BEGIN Dataset content

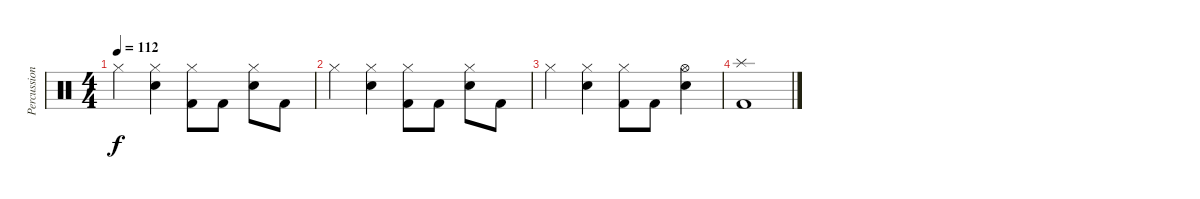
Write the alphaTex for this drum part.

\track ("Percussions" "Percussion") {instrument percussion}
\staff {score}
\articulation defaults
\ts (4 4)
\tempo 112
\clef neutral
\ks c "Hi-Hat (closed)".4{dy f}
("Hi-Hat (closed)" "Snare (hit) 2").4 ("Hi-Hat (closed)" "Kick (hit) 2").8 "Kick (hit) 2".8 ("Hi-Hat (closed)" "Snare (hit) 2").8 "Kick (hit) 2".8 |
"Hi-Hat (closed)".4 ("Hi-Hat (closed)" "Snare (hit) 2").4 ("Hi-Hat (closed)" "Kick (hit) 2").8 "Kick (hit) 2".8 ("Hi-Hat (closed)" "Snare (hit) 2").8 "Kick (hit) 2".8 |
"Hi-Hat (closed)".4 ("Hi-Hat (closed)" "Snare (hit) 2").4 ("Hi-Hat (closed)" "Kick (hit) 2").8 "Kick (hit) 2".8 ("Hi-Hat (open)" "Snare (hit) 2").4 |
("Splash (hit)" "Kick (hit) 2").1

END Dataset content
BEGIN Dataset content

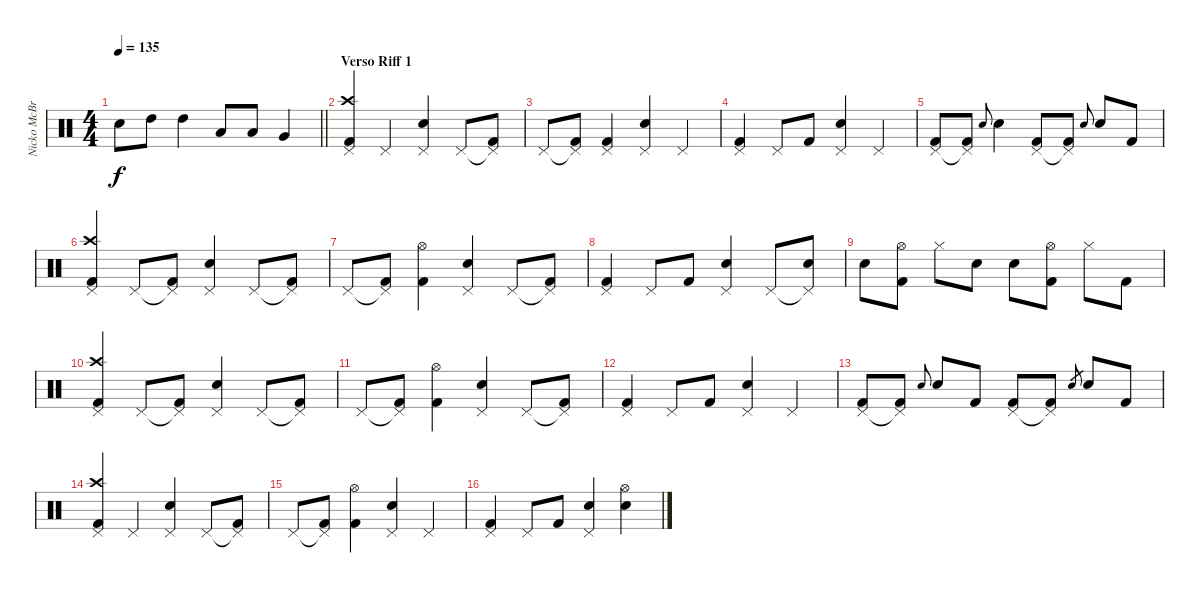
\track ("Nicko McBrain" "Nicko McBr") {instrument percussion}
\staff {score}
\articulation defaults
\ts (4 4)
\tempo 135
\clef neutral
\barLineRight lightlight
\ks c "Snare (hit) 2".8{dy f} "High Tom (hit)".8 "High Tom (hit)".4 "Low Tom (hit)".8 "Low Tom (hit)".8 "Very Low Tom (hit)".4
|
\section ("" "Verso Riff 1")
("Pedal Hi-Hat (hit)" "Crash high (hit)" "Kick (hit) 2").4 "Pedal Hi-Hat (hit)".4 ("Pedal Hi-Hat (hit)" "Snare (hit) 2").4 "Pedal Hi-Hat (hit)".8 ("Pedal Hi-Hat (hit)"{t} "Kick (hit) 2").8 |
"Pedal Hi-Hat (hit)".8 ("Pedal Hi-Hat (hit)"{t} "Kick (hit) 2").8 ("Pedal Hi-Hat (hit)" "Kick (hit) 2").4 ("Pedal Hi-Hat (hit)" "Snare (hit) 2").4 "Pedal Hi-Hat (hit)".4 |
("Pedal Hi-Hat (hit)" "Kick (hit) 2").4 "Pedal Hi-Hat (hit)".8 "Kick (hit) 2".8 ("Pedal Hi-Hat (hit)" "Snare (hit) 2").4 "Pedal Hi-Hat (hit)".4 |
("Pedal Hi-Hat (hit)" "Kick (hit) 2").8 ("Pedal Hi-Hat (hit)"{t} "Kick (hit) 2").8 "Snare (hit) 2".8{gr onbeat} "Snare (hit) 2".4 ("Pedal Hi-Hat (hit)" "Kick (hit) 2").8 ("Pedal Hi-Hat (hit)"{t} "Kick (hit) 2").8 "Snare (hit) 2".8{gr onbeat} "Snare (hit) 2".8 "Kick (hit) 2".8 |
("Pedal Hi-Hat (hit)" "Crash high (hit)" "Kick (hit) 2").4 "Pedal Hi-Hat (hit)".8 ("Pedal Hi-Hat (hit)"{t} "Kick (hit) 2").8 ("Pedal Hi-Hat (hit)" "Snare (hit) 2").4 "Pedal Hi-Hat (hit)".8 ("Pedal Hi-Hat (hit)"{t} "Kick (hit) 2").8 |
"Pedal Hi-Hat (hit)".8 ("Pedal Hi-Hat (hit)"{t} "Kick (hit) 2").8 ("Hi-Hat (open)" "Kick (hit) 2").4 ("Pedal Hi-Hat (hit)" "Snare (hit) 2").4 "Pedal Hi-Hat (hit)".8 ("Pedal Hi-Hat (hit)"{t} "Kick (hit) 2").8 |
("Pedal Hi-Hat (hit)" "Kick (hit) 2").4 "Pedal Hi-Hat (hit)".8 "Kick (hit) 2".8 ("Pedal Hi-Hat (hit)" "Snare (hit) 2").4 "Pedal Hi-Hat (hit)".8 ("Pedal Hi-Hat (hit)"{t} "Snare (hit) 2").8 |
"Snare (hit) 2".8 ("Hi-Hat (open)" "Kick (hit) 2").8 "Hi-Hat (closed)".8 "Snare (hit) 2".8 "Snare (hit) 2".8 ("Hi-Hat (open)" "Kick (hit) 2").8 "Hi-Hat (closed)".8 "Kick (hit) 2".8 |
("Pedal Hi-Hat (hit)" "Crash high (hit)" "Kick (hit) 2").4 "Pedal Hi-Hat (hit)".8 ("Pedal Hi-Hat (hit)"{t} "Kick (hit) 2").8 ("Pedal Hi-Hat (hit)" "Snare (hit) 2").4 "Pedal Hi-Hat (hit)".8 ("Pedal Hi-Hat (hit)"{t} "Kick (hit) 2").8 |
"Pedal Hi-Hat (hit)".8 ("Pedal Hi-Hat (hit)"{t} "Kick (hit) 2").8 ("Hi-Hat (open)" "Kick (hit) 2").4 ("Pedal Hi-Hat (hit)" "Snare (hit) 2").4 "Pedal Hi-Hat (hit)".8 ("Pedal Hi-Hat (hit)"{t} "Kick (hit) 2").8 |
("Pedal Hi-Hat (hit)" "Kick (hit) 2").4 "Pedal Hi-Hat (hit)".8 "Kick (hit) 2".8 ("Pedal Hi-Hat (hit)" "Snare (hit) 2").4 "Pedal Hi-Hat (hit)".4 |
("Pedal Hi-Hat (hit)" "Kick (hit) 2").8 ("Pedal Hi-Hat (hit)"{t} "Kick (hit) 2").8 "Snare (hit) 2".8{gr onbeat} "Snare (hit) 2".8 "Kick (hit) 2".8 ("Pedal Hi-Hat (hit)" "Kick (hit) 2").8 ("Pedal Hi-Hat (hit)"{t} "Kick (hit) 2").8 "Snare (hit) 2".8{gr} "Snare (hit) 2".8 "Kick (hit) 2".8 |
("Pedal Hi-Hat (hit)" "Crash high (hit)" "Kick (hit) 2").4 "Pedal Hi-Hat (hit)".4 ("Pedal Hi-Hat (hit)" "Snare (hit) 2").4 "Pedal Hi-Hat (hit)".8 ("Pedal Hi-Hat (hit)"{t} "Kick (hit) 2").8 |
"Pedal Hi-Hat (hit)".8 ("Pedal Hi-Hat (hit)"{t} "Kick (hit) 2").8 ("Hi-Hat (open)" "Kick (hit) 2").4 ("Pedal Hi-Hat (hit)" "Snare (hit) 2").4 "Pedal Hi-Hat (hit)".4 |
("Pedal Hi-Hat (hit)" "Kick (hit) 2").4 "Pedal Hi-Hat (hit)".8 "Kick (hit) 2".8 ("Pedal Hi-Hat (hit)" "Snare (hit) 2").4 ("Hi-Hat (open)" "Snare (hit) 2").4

END Dataset content

* _Your assignment_
From the records above, copy each line where the word "instrument" can be found.

* _Task output_
\track ("Percussions" "Percussion") {instrument percussion}
\track ("Nicko McBrain" "Nicko McBr") {instrument percussion}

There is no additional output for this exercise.